I find this nauseatingly glib and self-serving. And not least because I struggle personally with a trauma regarding my child, or that I’ve spoken with Indian journalists who have actually lived the consequences of reporting critically on Modi.
I have no doubt that Minhaj is neither as bright or sincere as the public image that he – and a small industry of writers and publicists – have cultivated. Not that I ever found him clever or funny, but rather dull, mawkish, suspiciously slick and a smugly prolific espouser of liberal platitudes.
He's another opportunist, with no intellectual heft. His gift was reading the zeitgeist, sniffing the winds. With little wit, but great ambition, he could transform stand-up sets into profitable TED Talks. An upper middle-class man who saw an opportunity to become famous for exaggerating his victimhood. And not only exaggerating his victimhood, but, quite pathetically, exaggerating his moral courage and personal influence.

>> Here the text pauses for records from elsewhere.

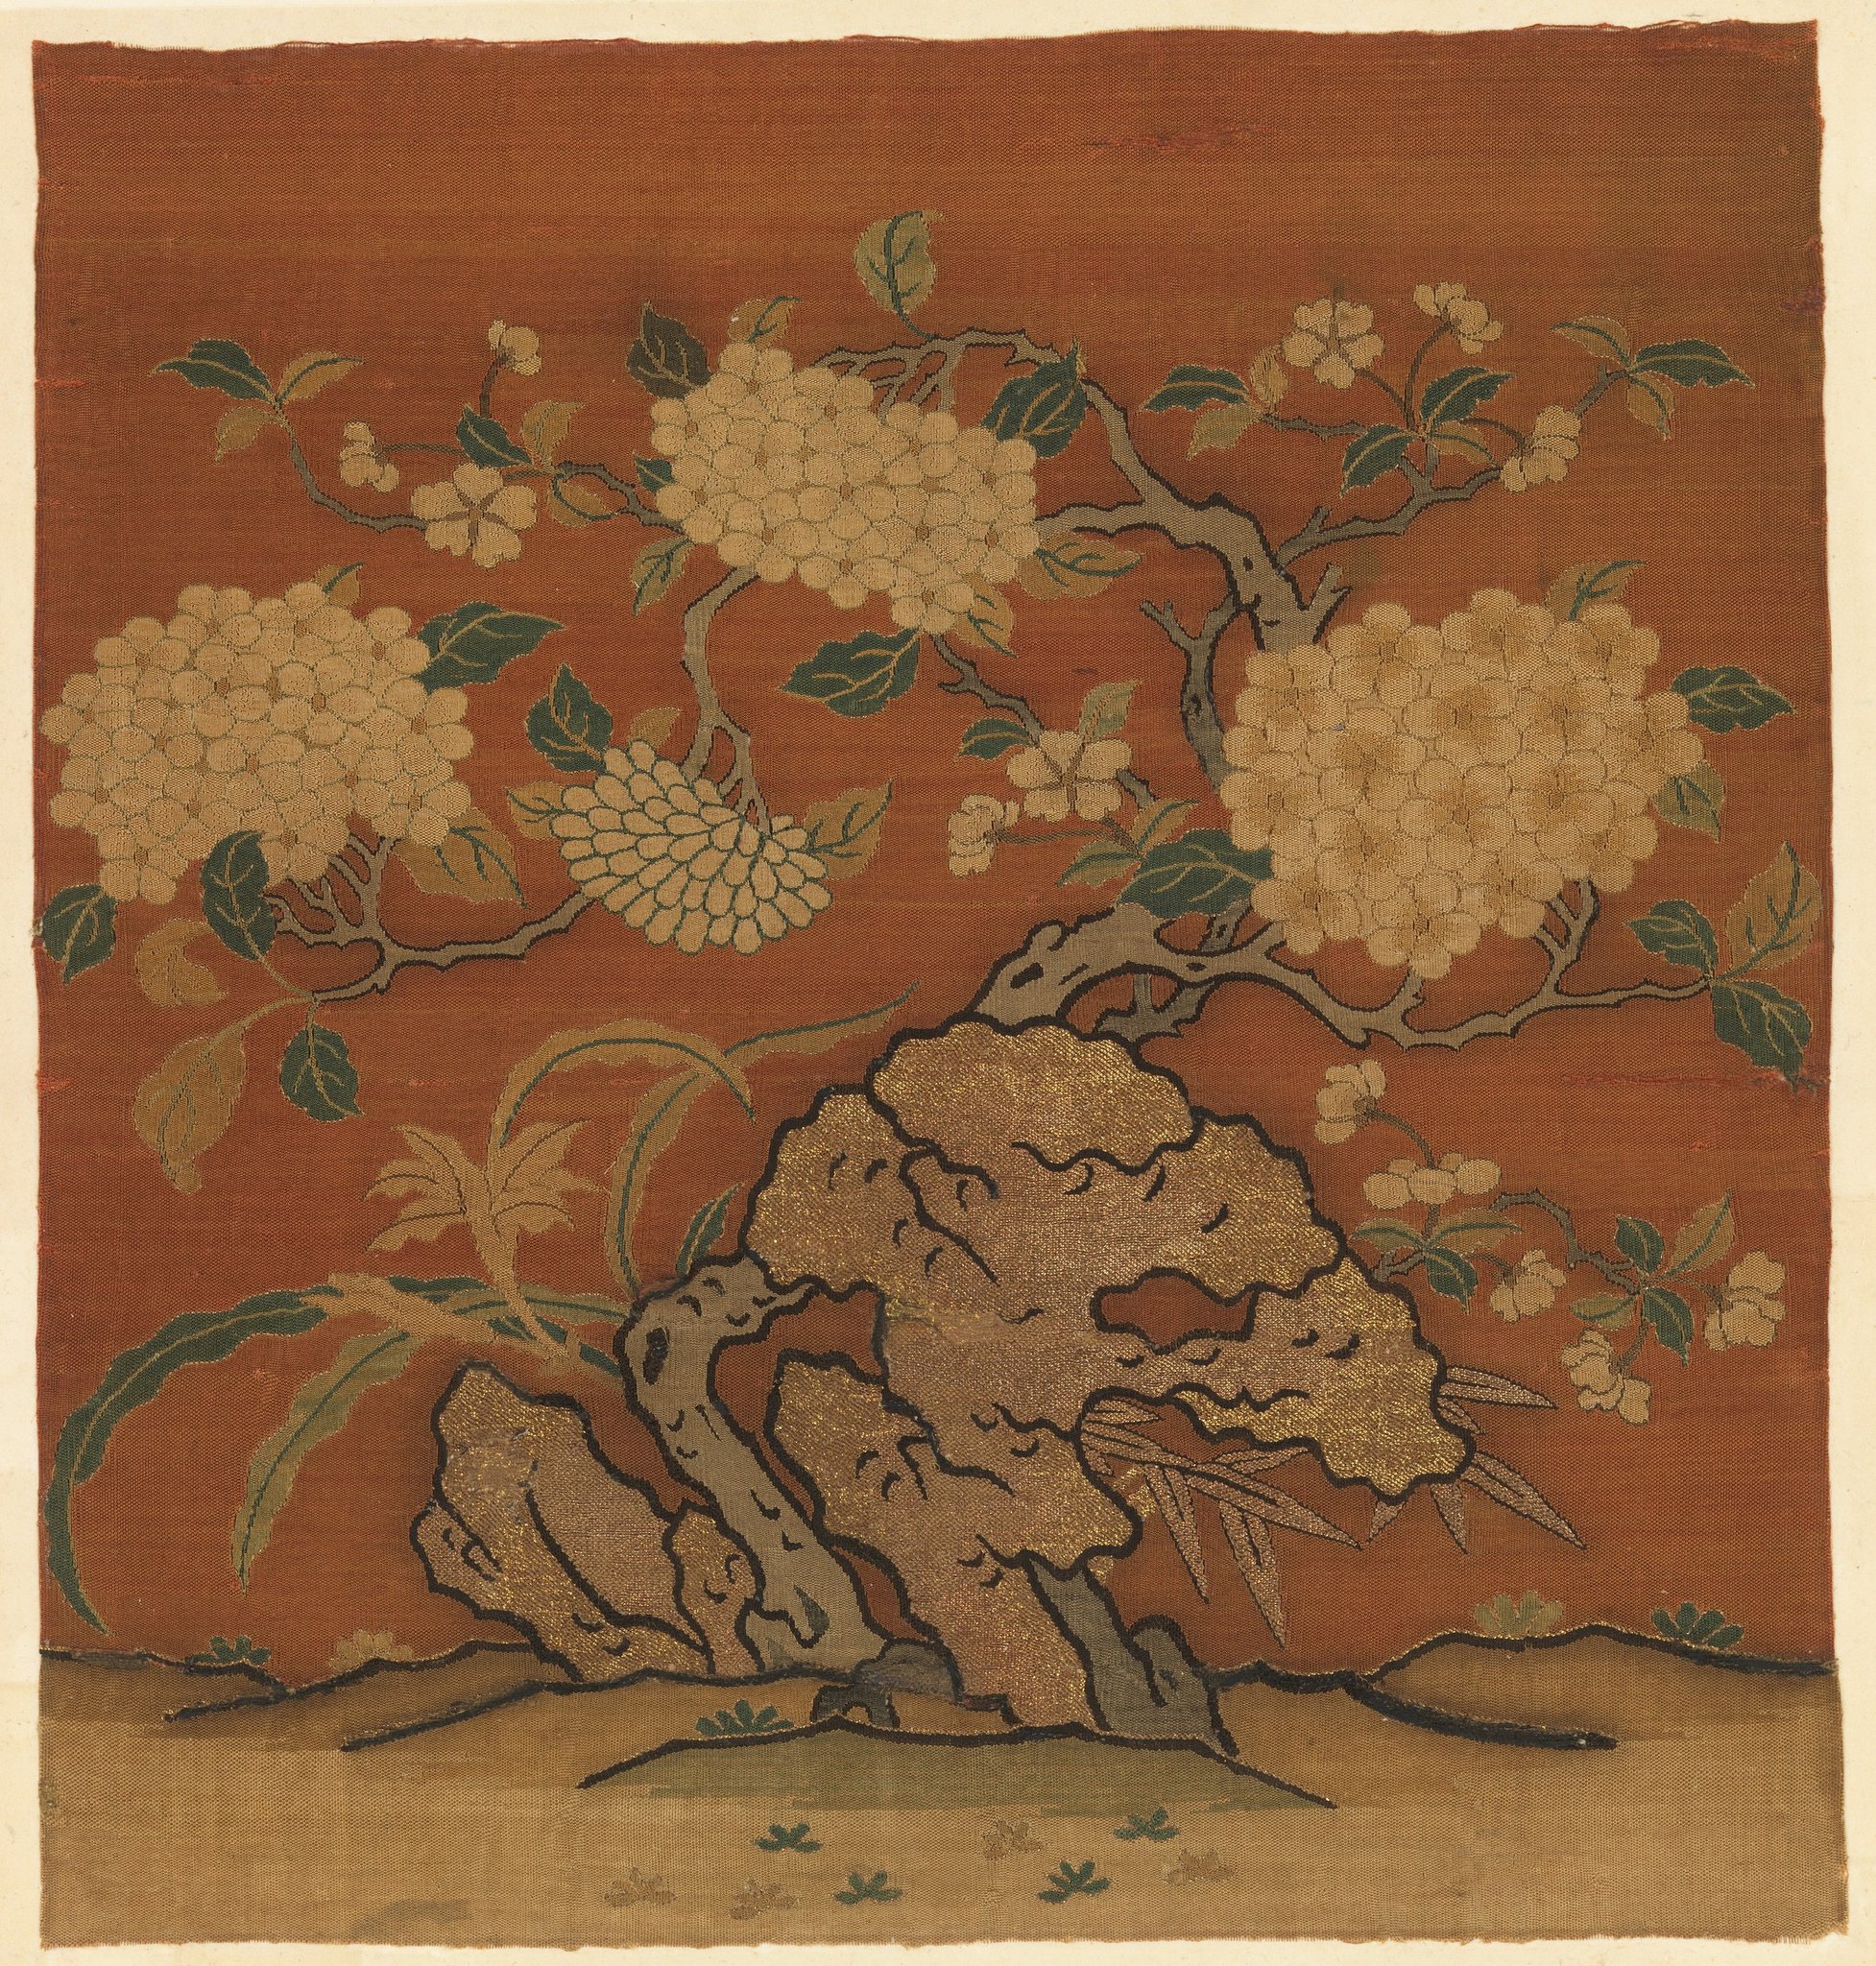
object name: panel
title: Flowers and Garden Rock
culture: chinese
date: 1301-1400
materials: metal thread, silk
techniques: tapestry
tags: flowers

But Hasan Minhaj is merely one beneficiary of a system that incentivises confessional victimhood. A market that trades on the gullibility and moral vanity of white progressives. There are others. “He tonally presents himself as a person who was always taking down the despots and dictators of the world and always speaking truth to power,” a former TV colleague of Minhaj’s told The New Yorker. “That’s grating.”
It's more than grating.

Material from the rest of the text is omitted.